Postby Ciarán12 » 2014-06-27, 20:20

mōdgethanc wrote:No, I meant that they seem to be doing the best and have the best chance of surviving in the long term. That isn't to say their survival is guaranteed, though. You know a lot more about this topic than I do; what do you think?


I find it hard to speculate. I think the current actual situation of Irish and Welsh is better than that of Cornish, but I think the trajectory Cornish is on is better. Irish and Welsh are still living, community languages in their traditional heartlands, but those are under threat from English. However, Cornish already succumbed to English entriely and is now on its way back to life. I don't see English posing any more of a threat to Cornish that it already has. If Cornish could come back to the point it's at now from being completely replaced by English, I think it will only get stronger (or at least, pressure from English won't be the cause of its regression, and I can't see any other serious factors opposing the revival at the moment).

mōdgethanc wrote:
morlader wrote:Then there's always the option of admitting the limits of one's knowledge.
I already admitted (to Ciarán, but still) that I don't know very much about Celtic languages. However, based on what I do know about the subject, I'm not very optimistic about language revival as a whole. It can work (Hebrew proves that) but most of the time, it has mixed results.


Even so, mixed results are better than nothing. I don't think anyone is claiming that the death and subsequent revivial of a language would leave the language without scars, but to claim that it would be a relexification is to claim that the language wasn't properly reconstructed at all. I mean to me "relexification" sounds like your saying they just pulled out the words from a dictionary and replaced the English words directly with the Cornish ones.

Jurgen Wullenwever wrote:But a revived language being relexified English is not necessarily a bad thing.


I, like most people, would disagree. I mean, the point of reviving a language (in all cases I'm aware of) is to regain the language of the native culture of the people reviving it. A relexified English couldn't be described as that.

Levike wrote:Is the way the real Irish people pronounce Irish
any different from the way the standard is thought in Anglophone areas?


It depends on who the teacher is. There is no official standard pronunciation, only an official standard of grammar and spelling, so the teachers will tend to use whatever pronunciation they have natively.
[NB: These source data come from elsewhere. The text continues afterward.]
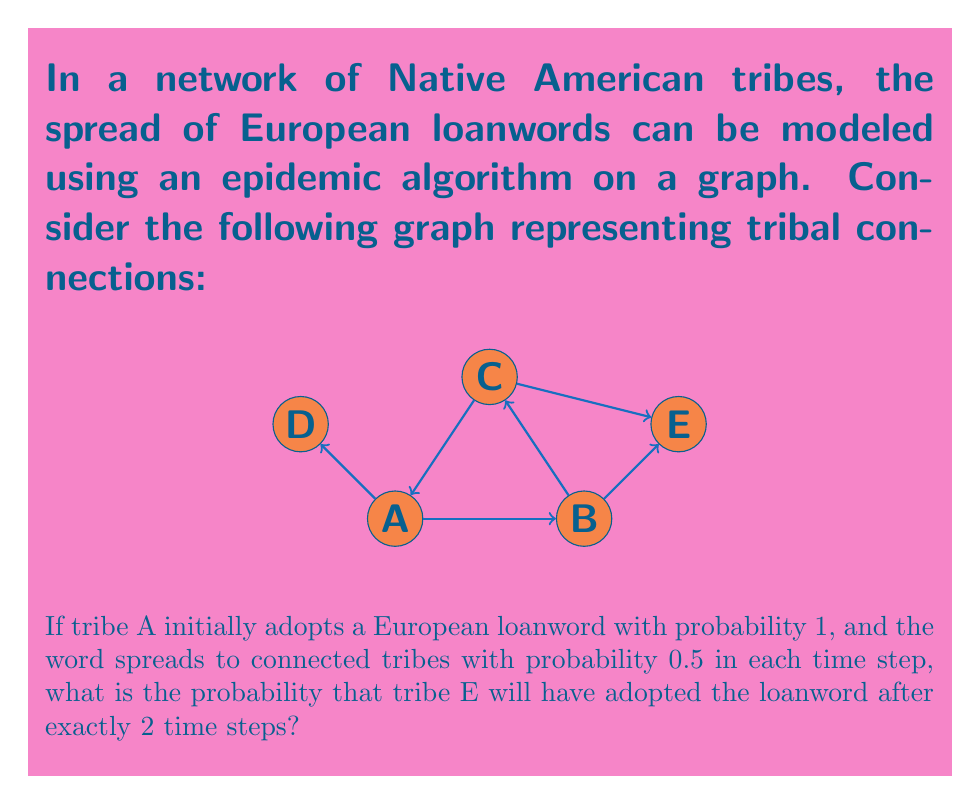What is the answer to this math problem? Let's approach this step-by-step:

1) First, we need to identify all possible paths from A to E that take exactly 2 steps:
   Path 1: A → B → E
   Path 2: A → C → E

2) For each path, we calculate the probability of the word spreading along that path:

   Path 1: P(A → B → E) = 1 * 0.5 * 0.5 = 0.25
   Path 2: P(A → C → E) = 1 * 0.5 * 0.5 = 0.25

3) The probability that E adopts the word is the probability that at least one of these paths succeeds. To calculate this, we use the complement of the probability that both paths fail:

   P(E adopts) = 1 - P(neither path succeeds)
                = 1 - P(Path 1 fails AND Path 2 fails)
                = 1 - (1 - 0.25) * (1 - 0.25)
                = 1 - 0.75 * 0.75
                = 1 - 0.5625
                = 0.4375

Therefore, the probability that tribe E will have adopted the loanword after exactly 2 time steps is 0.4375 or 43.75%.
Answer: 0.4375

How the students actually pronounce the words they're taught is a different matter - students tend to use the nearest Irish-English equivalents to the native sounds. There's also the issue of some of the teachers being L2 Irish speakers, but I'm not sure what percentage of the Irish language teacher population are non-native (we always had natives in my school).

Levike wrote:
linguoboy wrote:What do you mean when you say "real Irish people"?
People who speak perfectly fluent Irish because it's their mother-tongue..


Doesn't make them any more real than any of the rest of us.
Beidh Gaeilge líofa chruinn bhlasta agam nó go bhfaighe mé bás san iarracht!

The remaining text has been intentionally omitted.